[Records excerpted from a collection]

Content starts

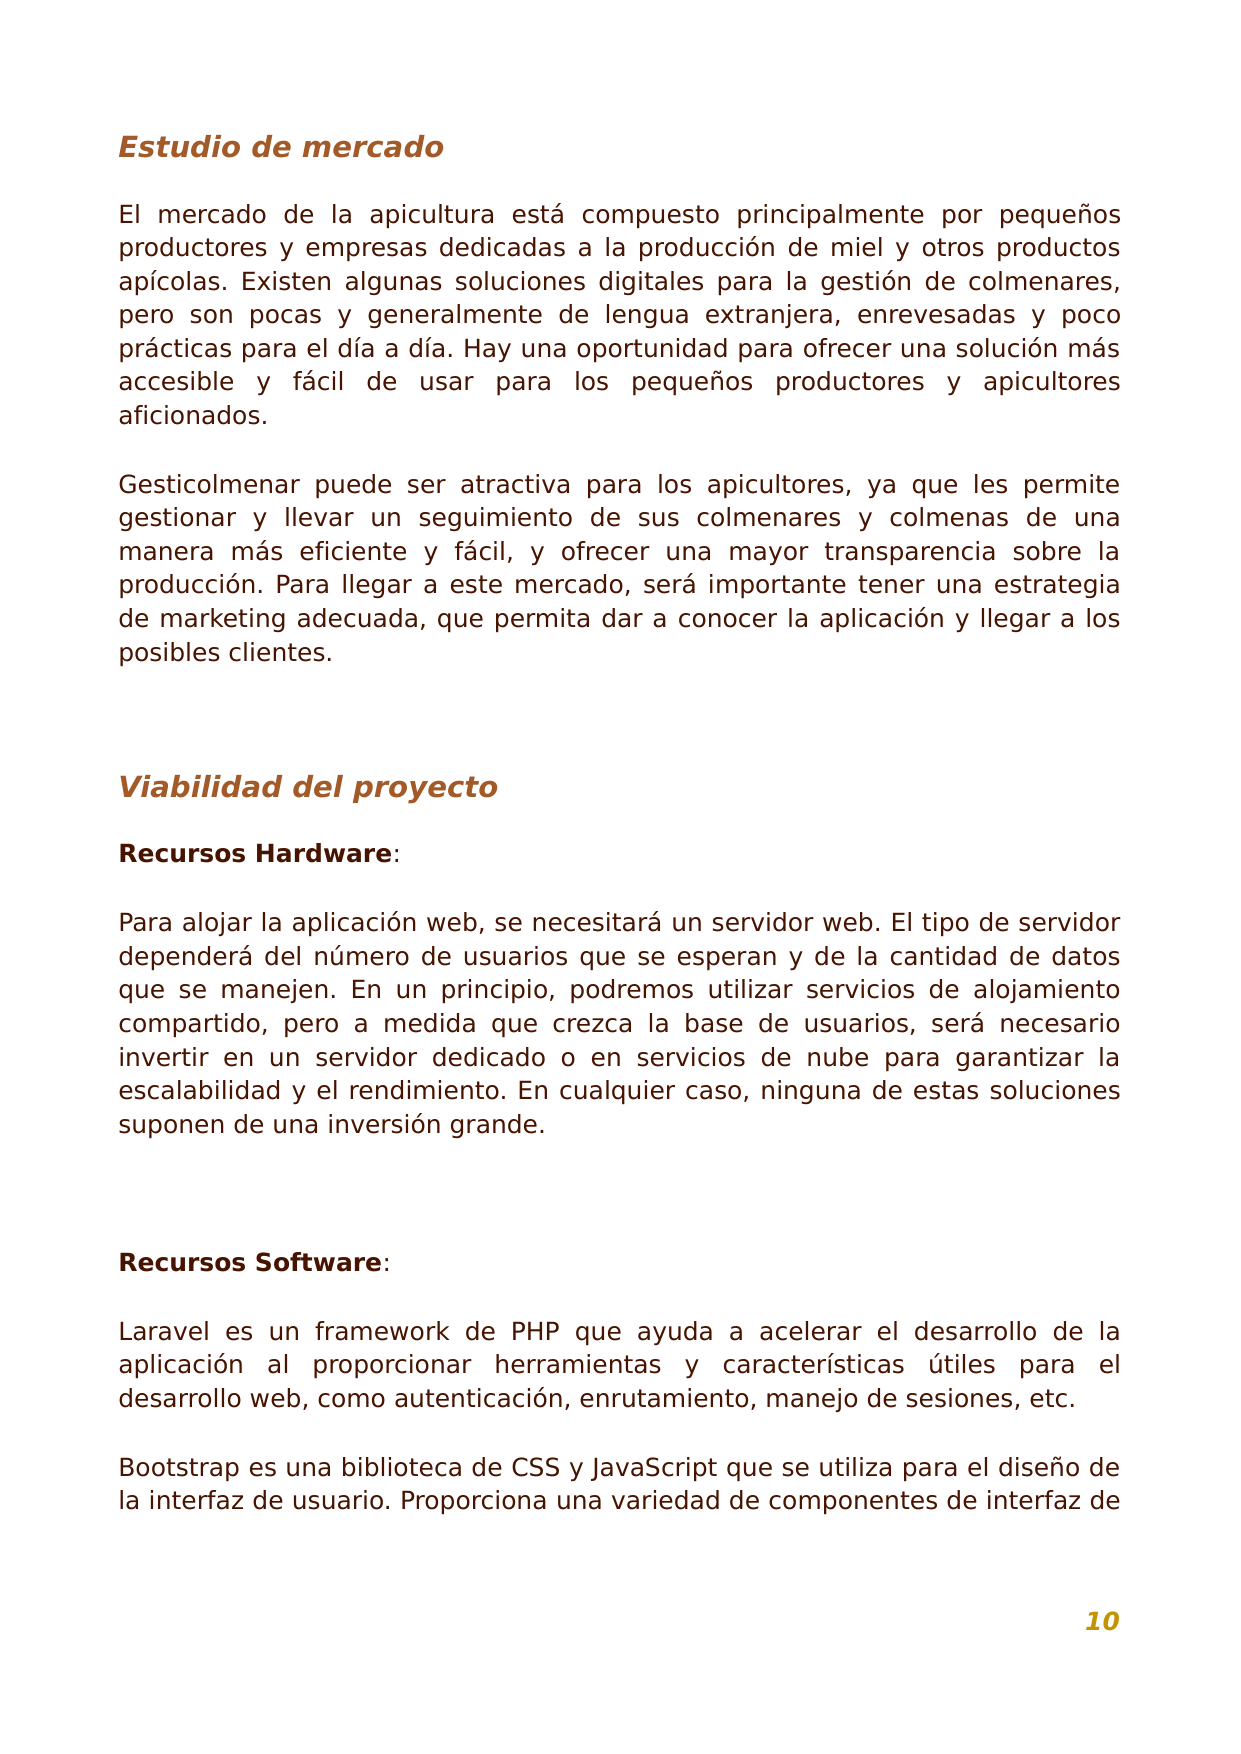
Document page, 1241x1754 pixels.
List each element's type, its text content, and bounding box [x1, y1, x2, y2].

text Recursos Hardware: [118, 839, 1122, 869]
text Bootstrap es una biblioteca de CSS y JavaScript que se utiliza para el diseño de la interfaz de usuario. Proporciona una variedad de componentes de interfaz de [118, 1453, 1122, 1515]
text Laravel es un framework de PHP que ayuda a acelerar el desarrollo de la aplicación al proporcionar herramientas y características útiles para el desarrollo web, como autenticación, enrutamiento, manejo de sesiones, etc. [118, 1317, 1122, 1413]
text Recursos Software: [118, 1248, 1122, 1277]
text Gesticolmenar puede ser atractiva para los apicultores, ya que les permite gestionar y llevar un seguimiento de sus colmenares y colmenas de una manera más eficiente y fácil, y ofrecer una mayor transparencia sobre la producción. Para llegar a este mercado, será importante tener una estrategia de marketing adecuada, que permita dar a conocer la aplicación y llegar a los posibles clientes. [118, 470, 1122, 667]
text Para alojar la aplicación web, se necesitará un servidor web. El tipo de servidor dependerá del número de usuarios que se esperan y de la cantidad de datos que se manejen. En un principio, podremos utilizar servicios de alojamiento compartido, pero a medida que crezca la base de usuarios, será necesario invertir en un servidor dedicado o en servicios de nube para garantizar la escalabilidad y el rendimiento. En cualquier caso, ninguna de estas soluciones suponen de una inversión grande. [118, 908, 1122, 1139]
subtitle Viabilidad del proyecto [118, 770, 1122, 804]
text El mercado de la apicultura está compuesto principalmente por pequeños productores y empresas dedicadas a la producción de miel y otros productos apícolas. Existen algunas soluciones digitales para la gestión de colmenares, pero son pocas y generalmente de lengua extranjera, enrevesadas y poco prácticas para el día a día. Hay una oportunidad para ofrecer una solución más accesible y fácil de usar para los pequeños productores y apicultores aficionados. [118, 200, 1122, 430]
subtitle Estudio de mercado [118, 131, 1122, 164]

Content ends
Content starts

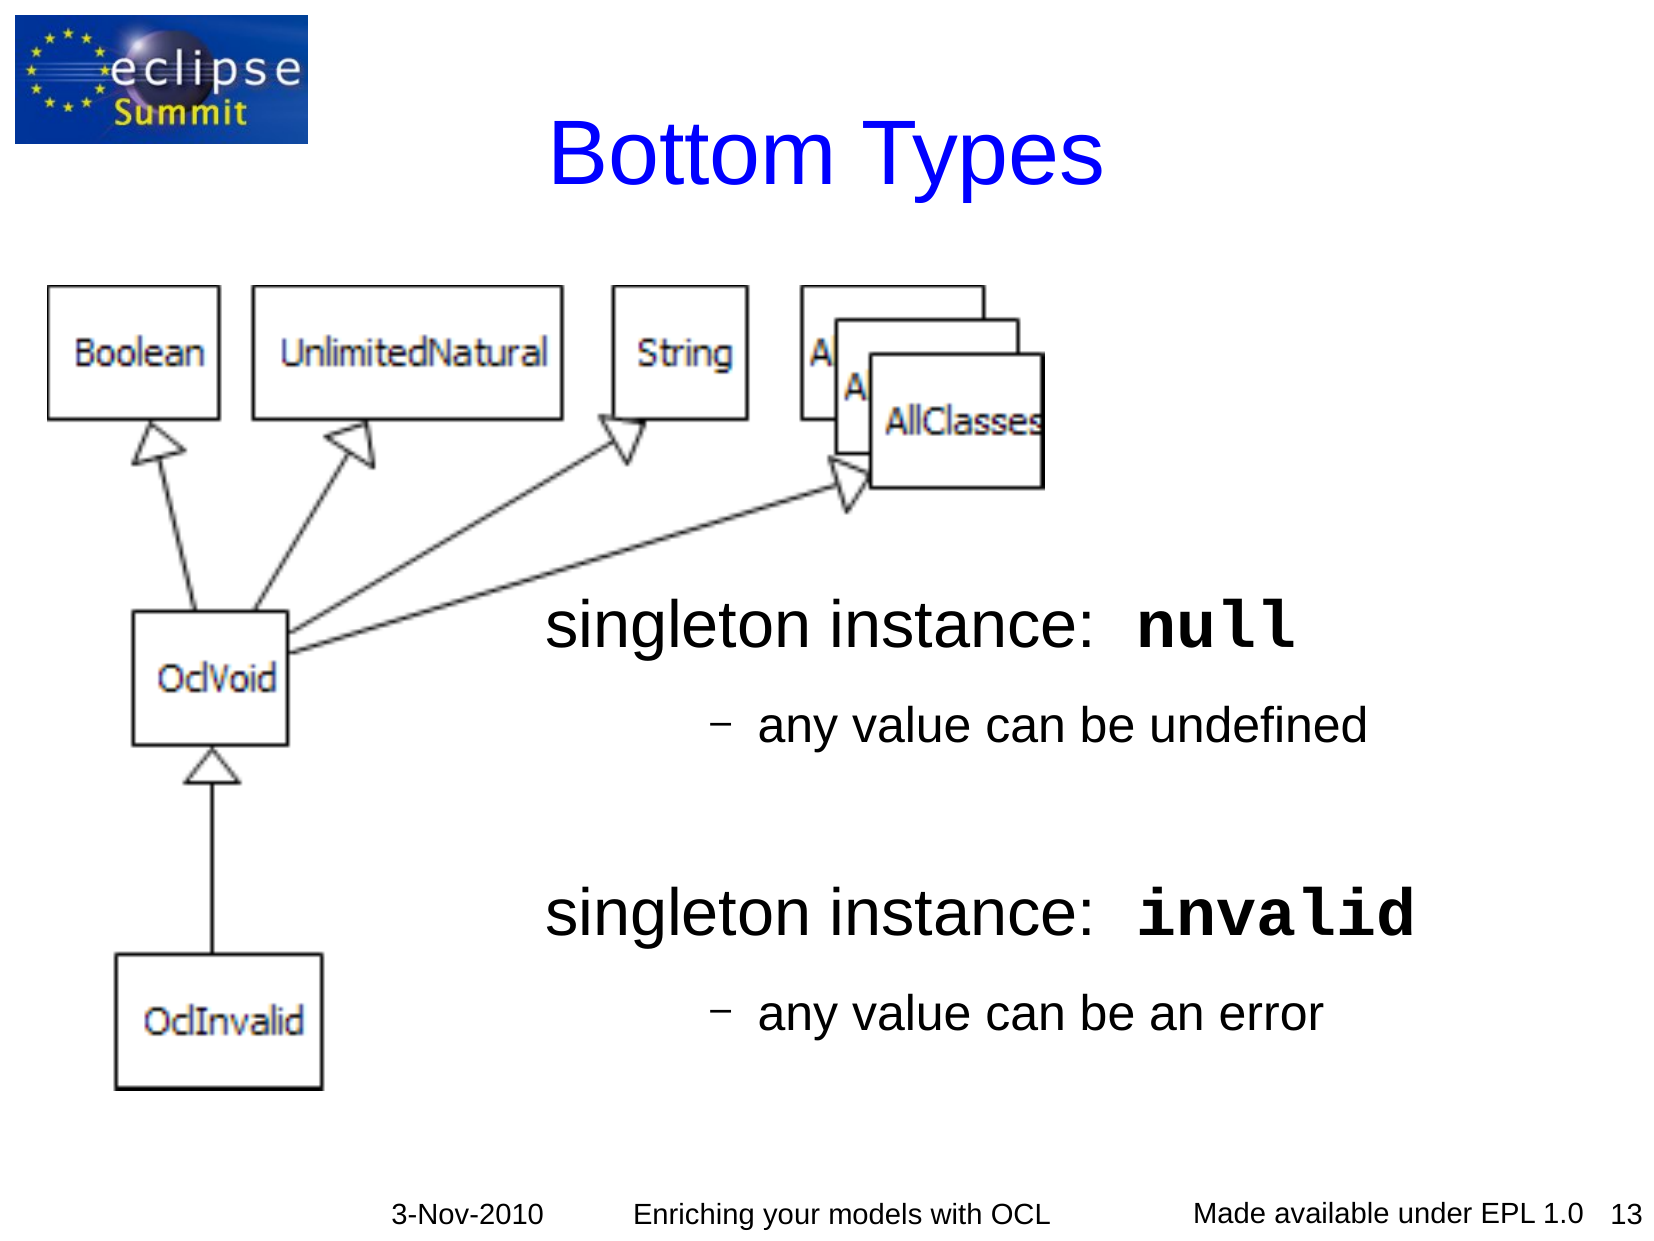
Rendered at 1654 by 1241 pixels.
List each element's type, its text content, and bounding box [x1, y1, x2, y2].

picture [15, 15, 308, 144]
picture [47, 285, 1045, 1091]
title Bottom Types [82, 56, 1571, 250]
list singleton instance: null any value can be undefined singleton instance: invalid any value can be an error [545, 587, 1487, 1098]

Content ends

Task — All lines with the string "pixels" must be copied from the data.

Response to the exercise —
Document page, 1241x1754 pixels.
Rendered at 1654 by 1241 pixels.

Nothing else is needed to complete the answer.